The records below are made of lines; count those holding the word "maximum" and give the number only.

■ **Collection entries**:

┄┄┄┄┄┄

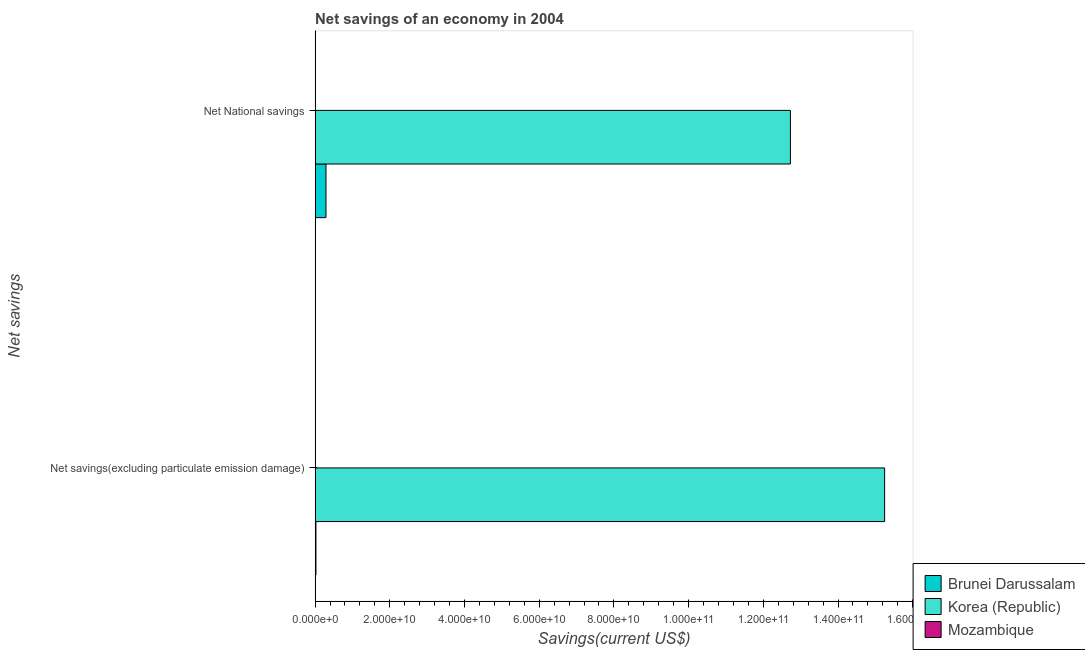How many different coloured bars are there?
Your response must be concise. 2. What is the label of the 1st group of bars from the top?
Your response must be concise. Net National savings. What is the net national savings in Brunei Darussalam?
Provide a succinct answer. 2.91e+09. Across all countries, what is the maximum net national savings?
Your answer should be compact. 1.27e+11. Across all countries, what is the minimum net savings(excluding particulate emission damage)?
Your answer should be very brief. 0. What is the total net national savings in the graph?
Give a very brief answer. 1.30e+11. What is the difference between the net national savings in Brunei Darussalam and that in Korea (Republic)?
Provide a short and direct response. -1.24e+11. What is the difference between the net national savings in Korea (Republic) and the net savings(excluding particulate emission damage) in Mozambique?
Keep it short and to the point. 1.27e+11. What is the average net savings(excluding particulate emission damage) per country?
Your response must be concise. 5.09e+1. What is the difference between the net national savings and net savings(excluding particulate emission damage) in Korea (Republic)?
Give a very brief answer. -2.52e+1. What is the ratio of the net savings(excluding particulate emission damage) in Brunei Darussalam to that in Korea (Republic)?
Your answer should be very brief. 0. In how many countries, is the net national savings greater than the average net national savings taken over all countries?
Give a very brief answer. 1. How many bars are there?
Your answer should be compact. 4. How many countries are there in the graph?
Keep it short and to the point. 3. What is the difference between two consecutive major ticks on the X-axis?
Offer a terse response. 2.00e+1. Does the graph contain grids?
Offer a very short reply. No. How many legend labels are there?
Keep it short and to the point. 3. What is the title of the graph?
Provide a short and direct response. Net savings of an economy in 2004. What is the label or title of the X-axis?
Provide a succinct answer. Savings(current US$). What is the label or title of the Y-axis?
Offer a terse response. Net savings. What is the Savings(current US$) in Brunei Darussalam in Net savings(excluding particulate emission damage)?
Your answer should be very brief. 2.27e+08. What is the Savings(current US$) in Korea (Republic) in Net savings(excluding particulate emission damage)?
Your answer should be compact. 1.52e+11. What is the Savings(current US$) in Brunei Darussalam in Net National savings?
Provide a short and direct response. 2.91e+09. What is the Savings(current US$) of Korea (Republic) in Net National savings?
Offer a very short reply. 1.27e+11. What is the Savings(current US$) of Mozambique in Net National savings?
Offer a terse response. 0. Across all Net savings, what is the maximum Savings(current US$) in Brunei Darussalam?
Provide a short and direct response. 2.91e+09. Across all Net savings, what is the maximum Savings(current US$) of Korea (Republic)?
Your response must be concise. 1.52e+11. Across all Net savings, what is the minimum Savings(current US$) in Brunei Darussalam?
Make the answer very short. 2.27e+08. Across all Net savings, what is the minimum Savings(current US$) in Korea (Republic)?
Keep it short and to the point. 1.27e+11. What is the total Savings(current US$) in Brunei Darussalam in the graph?
Your answer should be compact. 3.14e+09. What is the total Savings(current US$) of Korea (Republic) in the graph?
Offer a very short reply. 2.80e+11. What is the total Savings(current US$) in Mozambique in the graph?
Keep it short and to the point. 0. What is the difference between the Savings(current US$) of Brunei Darussalam in Net savings(excluding particulate emission damage) and that in Net National savings?
Your answer should be very brief. -2.69e+09. What is the difference between the Savings(current US$) in Korea (Republic) in Net savings(excluding particulate emission damage) and that in Net National savings?
Ensure brevity in your answer.  2.52e+1. What is the difference between the Savings(current US$) in Brunei Darussalam in Net savings(excluding particulate emission damage) and the Savings(current US$) in Korea (Republic) in Net National savings?
Offer a terse response. -1.27e+11. What is the average Savings(current US$) of Brunei Darussalam per Net savings?
Your answer should be very brief. 1.57e+09. What is the average Savings(current US$) in Korea (Republic) per Net savings?
Offer a very short reply. 1.40e+11. What is the difference between the Savings(current US$) in Brunei Darussalam and Savings(current US$) in Korea (Republic) in Net savings(excluding particulate emission damage)?
Keep it short and to the point. -1.52e+11. What is the difference between the Savings(current US$) of Brunei Darussalam and Savings(current US$) of Korea (Republic) in Net National savings?
Offer a very short reply. -1.24e+11. What is the ratio of the Savings(current US$) in Brunei Darussalam in Net savings(excluding particulate emission damage) to that in Net National savings?
Make the answer very short. 0.08. What is the ratio of the Savings(current US$) in Korea (Republic) in Net savings(excluding particulate emission damage) to that in Net National savings?
Offer a terse response. 1.2. What is the difference between the highest and the second highest Savings(current US$) of Brunei Darussalam?
Your response must be concise. 2.69e+09. What is the difference between the highest and the second highest Savings(current US$) of Korea (Republic)?
Your response must be concise. 2.52e+1. What is the difference between the highest and the lowest Savings(current US$) in Brunei Darussalam?
Your answer should be compact. 2.69e+09. What is the difference between the highest and the lowest Savings(current US$) of Korea (Republic)?
Offer a very short reply. 2.52e+1. 
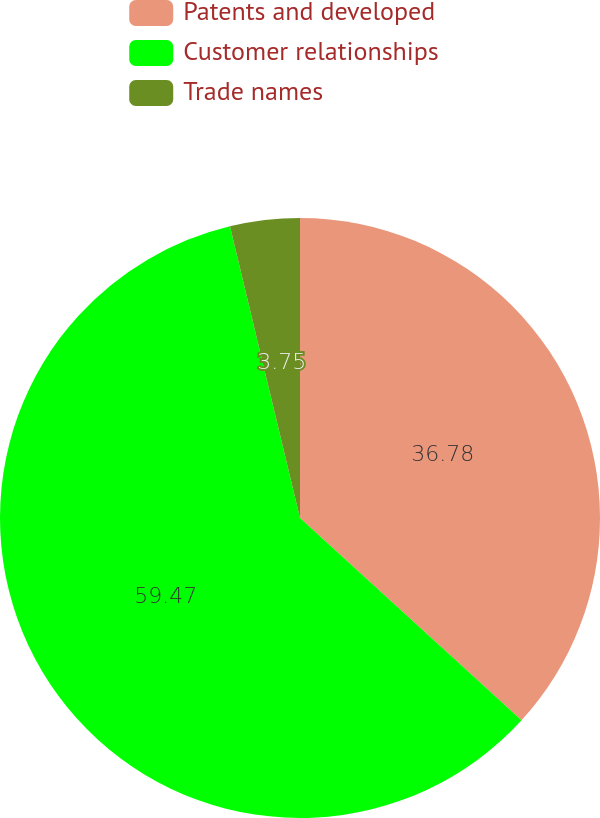Convert chart. <chart><loc_0><loc_0><loc_500><loc_500><pie_chart><fcel>Patents and developed<fcel>Customer relationships<fcel>Trade names<nl><fcel>36.78%<fcel>59.47%<fcel>3.75%<nl></chart> 
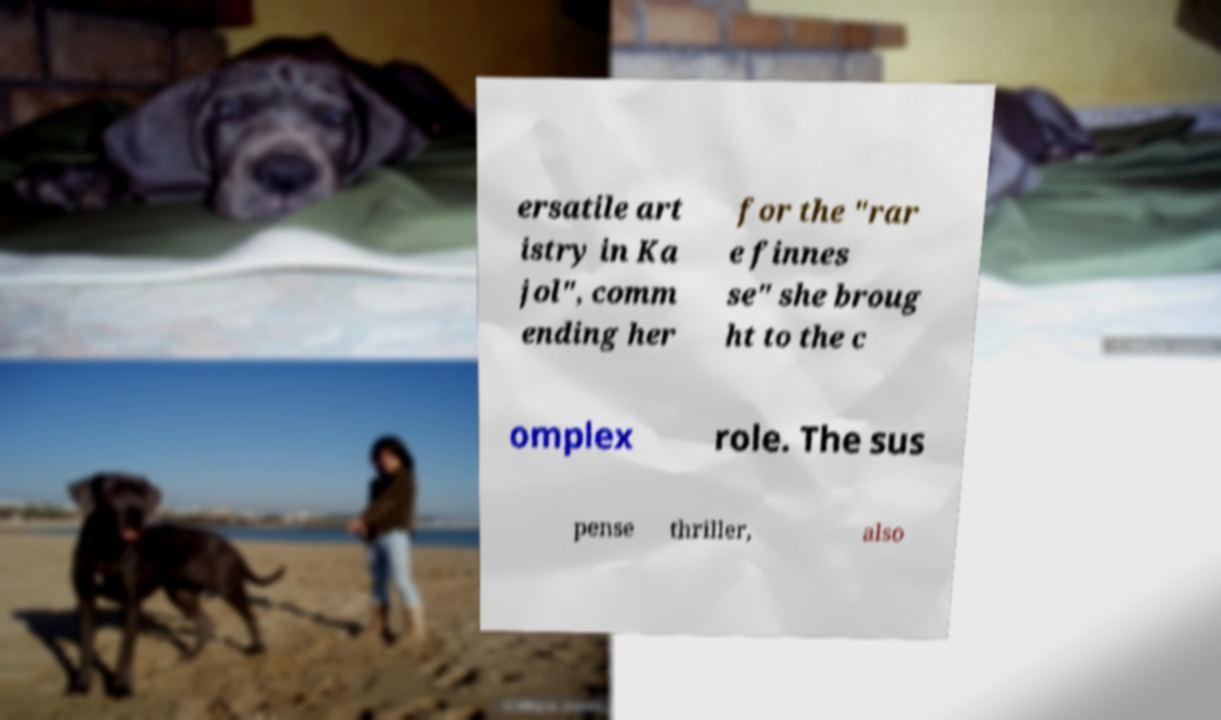What messages or text are displayed in this image? I need them in a readable, typed format. ersatile art istry in Ka jol", comm ending her for the "rar e finnes se" she broug ht to the c omplex role. The sus pense thriller, also 
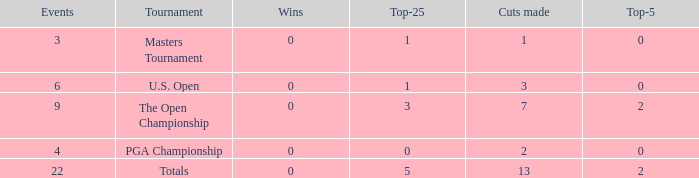What is the average number of cuts made for events with under 4 entries and more than 0 wins? None. 
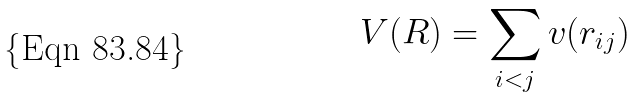Convert formula to latex. <formula><loc_0><loc_0><loc_500><loc_500>V ( R ) = \sum _ { i < j } v ( r _ { i j } )</formula> 
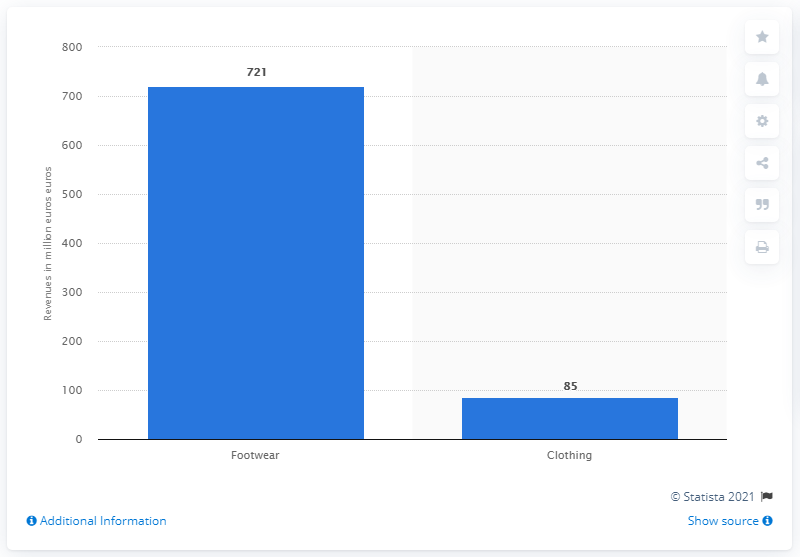List a handful of essential elements in this visual. Geox's footwear revenue in 2019 was approximately 721 million. 
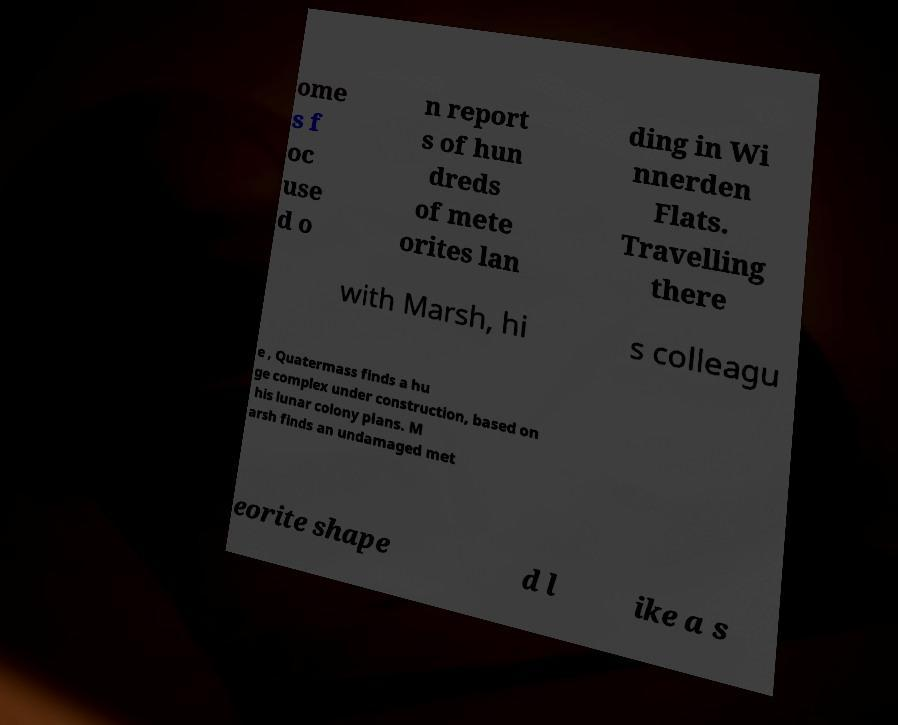Please read and relay the text visible in this image. What does it say? ome s f oc use d o n report s of hun dreds of mete orites lan ding in Wi nnerden Flats. Travelling there with Marsh, hi s colleagu e , Quatermass finds a hu ge complex under construction, based on his lunar colony plans. M arsh finds an undamaged met eorite shape d l ike a s

┄┄┄┄┄┄

■ **Task response**: 3